First-time homebuyers getting squeezed out by investors - 8bitsrule
https://www.npr.org/2019/06/21/734357279/1st-time-homebuyers-are-getting-squeezed-out-by-investors
======
aurizon
The easy way is to make people who rent their houses out pay a business tax as
if they were a retail store that the tenant is legislatively forbidden from
being forced to pay as a line item. Being embedded in the rent it will acts to
discourage the 'home as a rentable investment' to buyers because it will act
like friction on a rotating wheel, removing momentum and things coast to a
stop. People who buy a house and live in it will not pay the tax. Those that
rent part of their home as a BNB are hit by the full tax for each month of the
year they rent out space, even if only 1 day = they pay a month's tax. Sure,
some will evade, but city/state access to BNB bookings and their books and
payment methods will create a thicket of coercion that will make most comply.

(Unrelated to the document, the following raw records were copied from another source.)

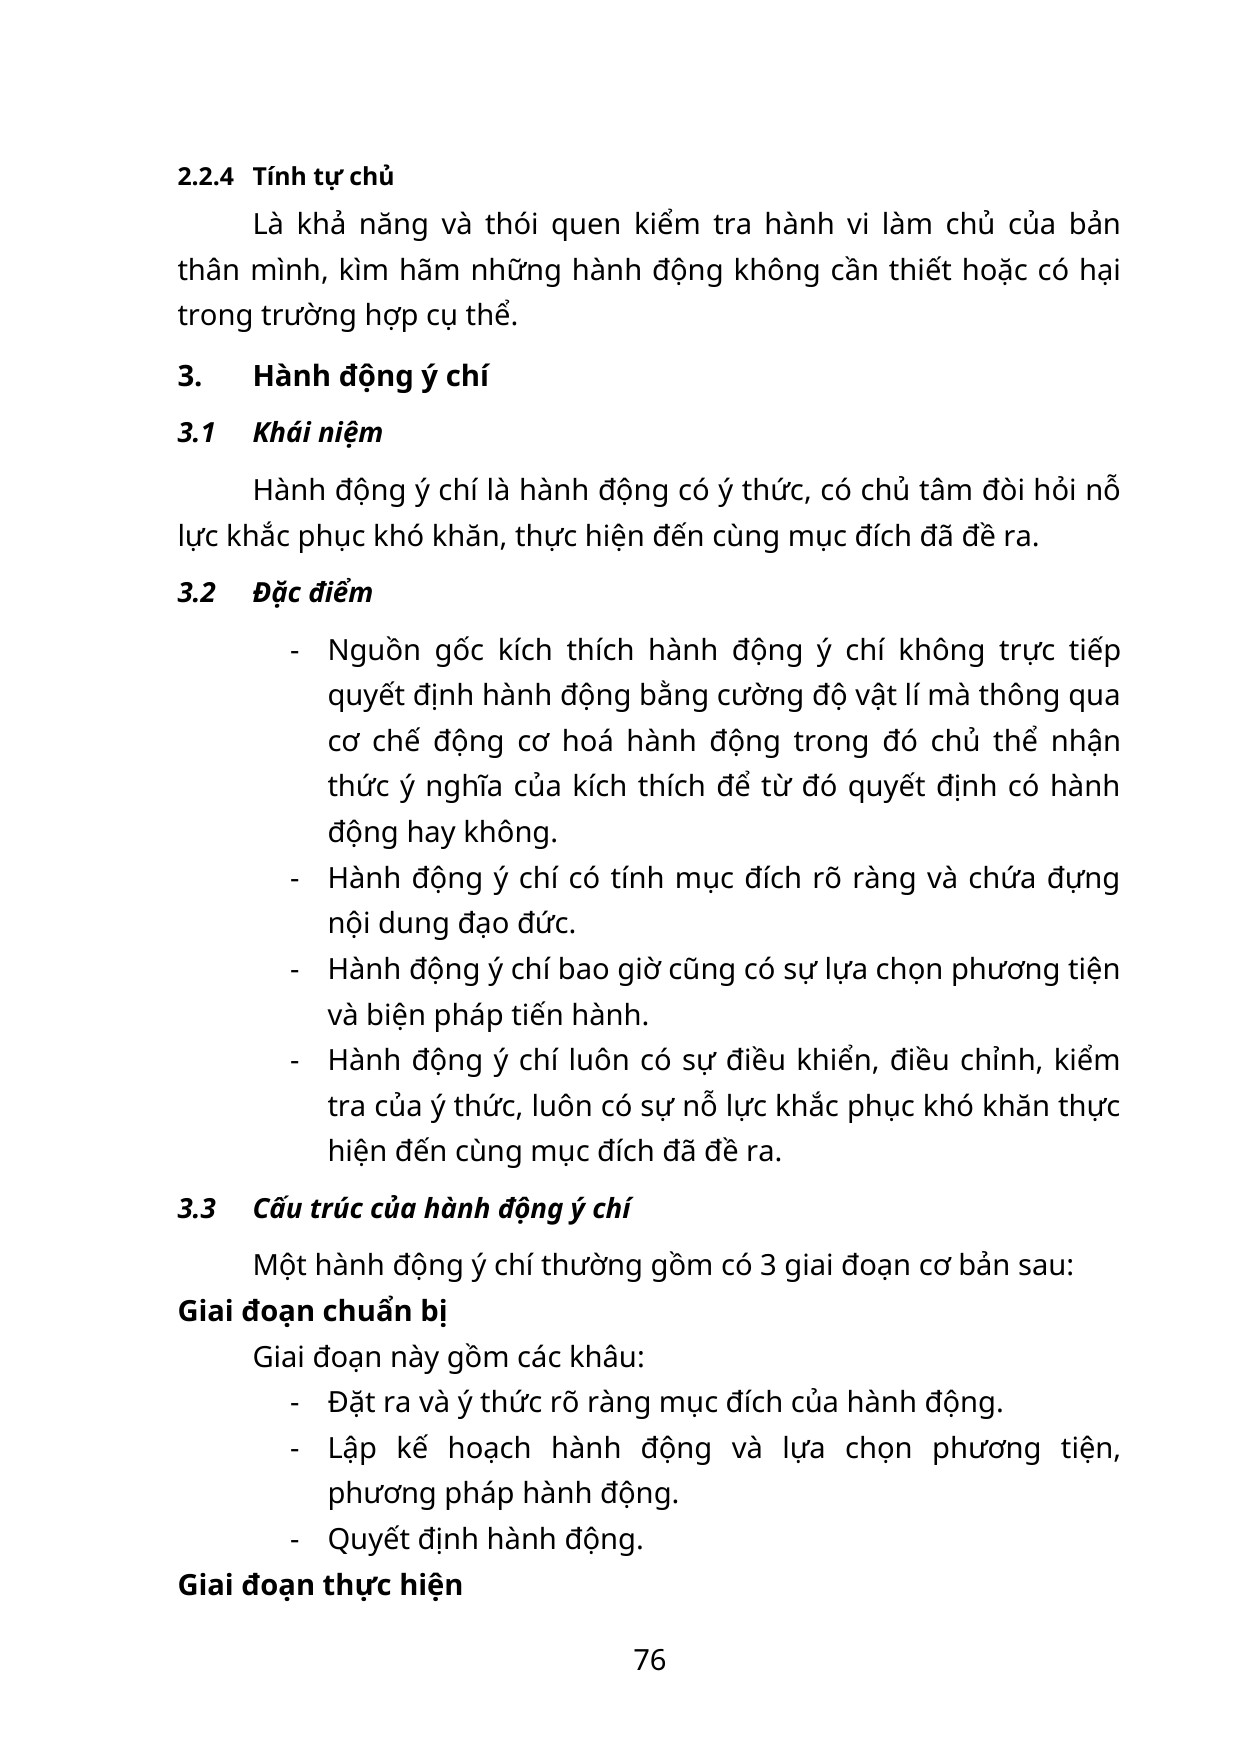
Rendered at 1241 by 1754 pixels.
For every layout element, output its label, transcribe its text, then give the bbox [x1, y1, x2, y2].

text Là khả năng và thói quen kiểm tra hành vi làm chủ của bản thân mình, kìm hãm những hành động không cần thiết hoặc có hại trong trường hợp cụ thể. [177, 203, 1122, 334]
subtitle Đặc điểm [177, 573, 1122, 611]
list Hành động ý chí bao giờ cũng có sự lựa chọn phương tiện và biện pháp tiến hành. [290, 948, 1122, 1033]
list Đặt ra và ý thức rõ ràng mục đích của hành động. [290, 1381, 1122, 1421]
text Hành động ý chí là hành động có ý thức, có chủ tâm đòi hỏi nỗ lực khắc phục khó khăn, thực hiện đến cùng mục đích đã đề ra. [177, 469, 1122, 554]
text Một hành động ý chí thường gồm có 3 giai đoạn cơ bản sau: [177, 1244, 1122, 1284]
list Hành động ý chí có tính mục đích rõ ràng và chứa đựng nội dung đạo đức. [290, 857, 1122, 942]
subtitle Hành động ý chí [177, 355, 1122, 395]
text Giai đoạn chuẩn bị [177, 1290, 1122, 1330]
list Hành động ý chí luôn có sự điều khiển, điều chỉnh, kiểm tra của ý thức, luôn có sự nỗ lực khắc phục khó khăn thực hiện đến cùng mục đích đã đề ra. [290, 1039, 1122, 1170]
text Giai đoạn thực hiện [177, 1564, 1122, 1604]
subtitle Khái niệm [177, 413, 1122, 451]
list Quyết định hành động. [290, 1518, 1122, 1558]
list Lập kế hoạch hành động và lựa chọn phương tiện, phương pháp hành động. [290, 1427, 1122, 1512]
text Giai đoạn này gồm các khâu: [177, 1336, 1122, 1376]
subtitle Tính tự chủ [177, 158, 1122, 192]
list Nguồn gốc kích thích hành động ý chí không trực tiếp quyết định hành động bằng cường độ vật lí mà thông qua cơ chế động cơ hoá hành động trong đó chủ thể nhận thức ý nghĩa của kích thích để từ đó quyết định có hành động hay không. [290, 629, 1122, 851]
subtitle Cấu trúc của hành động ý chí [177, 1189, 1122, 1226]

The BNB'ing of residences as well as the idea of a residence as an investment
is indeed a cancer in our society, and it can easily be extended to multiple
dwellings as that tax will reduce the investment potential of them. You either
do this or see the bulk of our society turned into tenants, as new home prices
in Toronto are a million dollars or so and this is caused entirely by the
investment and BNB potential run amock.